## Activity
Please copy out each entry, word for word.

## Input records
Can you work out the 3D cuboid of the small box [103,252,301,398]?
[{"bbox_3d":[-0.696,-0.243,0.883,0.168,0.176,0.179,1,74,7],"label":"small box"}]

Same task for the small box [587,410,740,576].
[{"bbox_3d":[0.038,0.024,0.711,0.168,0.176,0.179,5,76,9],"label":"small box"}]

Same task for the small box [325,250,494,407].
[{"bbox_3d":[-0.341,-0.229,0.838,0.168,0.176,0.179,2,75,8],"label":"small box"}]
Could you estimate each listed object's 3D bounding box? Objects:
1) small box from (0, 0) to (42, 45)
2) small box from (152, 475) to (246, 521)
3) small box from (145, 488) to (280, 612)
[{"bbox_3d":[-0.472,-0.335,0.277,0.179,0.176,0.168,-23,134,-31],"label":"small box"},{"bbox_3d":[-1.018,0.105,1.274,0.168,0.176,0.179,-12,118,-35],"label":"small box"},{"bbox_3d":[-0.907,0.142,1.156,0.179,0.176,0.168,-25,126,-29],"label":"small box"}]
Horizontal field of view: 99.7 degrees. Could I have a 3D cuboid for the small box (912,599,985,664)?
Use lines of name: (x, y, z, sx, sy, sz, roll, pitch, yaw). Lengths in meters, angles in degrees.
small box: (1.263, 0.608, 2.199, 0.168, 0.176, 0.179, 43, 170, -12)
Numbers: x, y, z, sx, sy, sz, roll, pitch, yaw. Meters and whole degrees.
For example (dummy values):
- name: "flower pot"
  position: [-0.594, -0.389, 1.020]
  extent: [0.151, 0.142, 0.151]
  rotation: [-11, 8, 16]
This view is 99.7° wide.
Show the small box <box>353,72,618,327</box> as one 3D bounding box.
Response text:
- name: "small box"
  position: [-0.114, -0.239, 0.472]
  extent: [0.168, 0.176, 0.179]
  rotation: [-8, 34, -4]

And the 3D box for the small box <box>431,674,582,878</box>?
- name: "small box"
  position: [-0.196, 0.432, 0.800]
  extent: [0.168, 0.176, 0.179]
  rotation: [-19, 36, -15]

## Solution to the exercise
Can you work out the 3D cuboid of the small box [103,252,301,398]?
[{"bbox_3d":[-0.696,-0.243,0.883,0.168,0.176,0.179,1,74,7],"label":"small box"}]

Same task for the small box [587,410,740,576].
[{"bbox_3d":[0.038,0.024,0.711,0.168,0.176,0.179,5,76,9],"label":"small box"}]

Same task for the small box [325,250,494,407].
[{"bbox_3d":[-0.341,-0.229,0.838,0.168,0.176,0.179,2,75,8],"label":"small box"}]
Could you estimate each listed object's 3D bounding box? Objects:
1) small box from (0, 0) to (42, 45)
2) small box from (152, 475) to (246, 521)
3) small box from (145, 488) to (280, 612)
[{"bbox_3d":[-0.472,-0.335,0.277,0.179,0.176,0.168,-23,134,-31],"label":"small box"},{"bbox_3d":[-1.018,0.105,1.274,0.168,0.176,0.179,-12,118,-35],"label":"small box"},{"bbox_3d":[-0.907,0.142,1.156,0.179,0.176,0.168,-25,126,-29],"label":"small box"}]
Horizontal field of view: 99.7 degrees. Could I have a 3D cuboid for the small box (912,599,985,664)?
Use lines of name: (x, y, z, sx, sy, sz, roll, pitch, yaw). Lengths in meters, angles in degrees.
small box: (1.263, 0.608, 2.199, 0.168, 0.176, 0.179, 43, 170, -12)
Numbers: x, y, z, sx, sy, sz, roll, pitch, yaw. Meters and whole degrees.
For example (dummy values):
- name: "flower pot"
  position: [-0.594, -0.389, 1.020]
  extent: [0.151, 0.142, 0.151]
  rotation: [-11, 8, 16]
This view is 99.7° wide.
Show the small box <box>353,72,618,327</box> as one 3D bounding box.
Response text:
- name: "small box"
  position: [-0.114, -0.239, 0.472]
  extent: [0.168, 0.176, 0.179]
  rotation: [-8, 34, -4]

And the 3D box for the small box <box>431,674,582,878</box>?
- name: "small box"
  position: [-0.196, 0.432, 0.800]
  extent: [0.168, 0.176, 0.179]
  rotation: [-19, 36, -15]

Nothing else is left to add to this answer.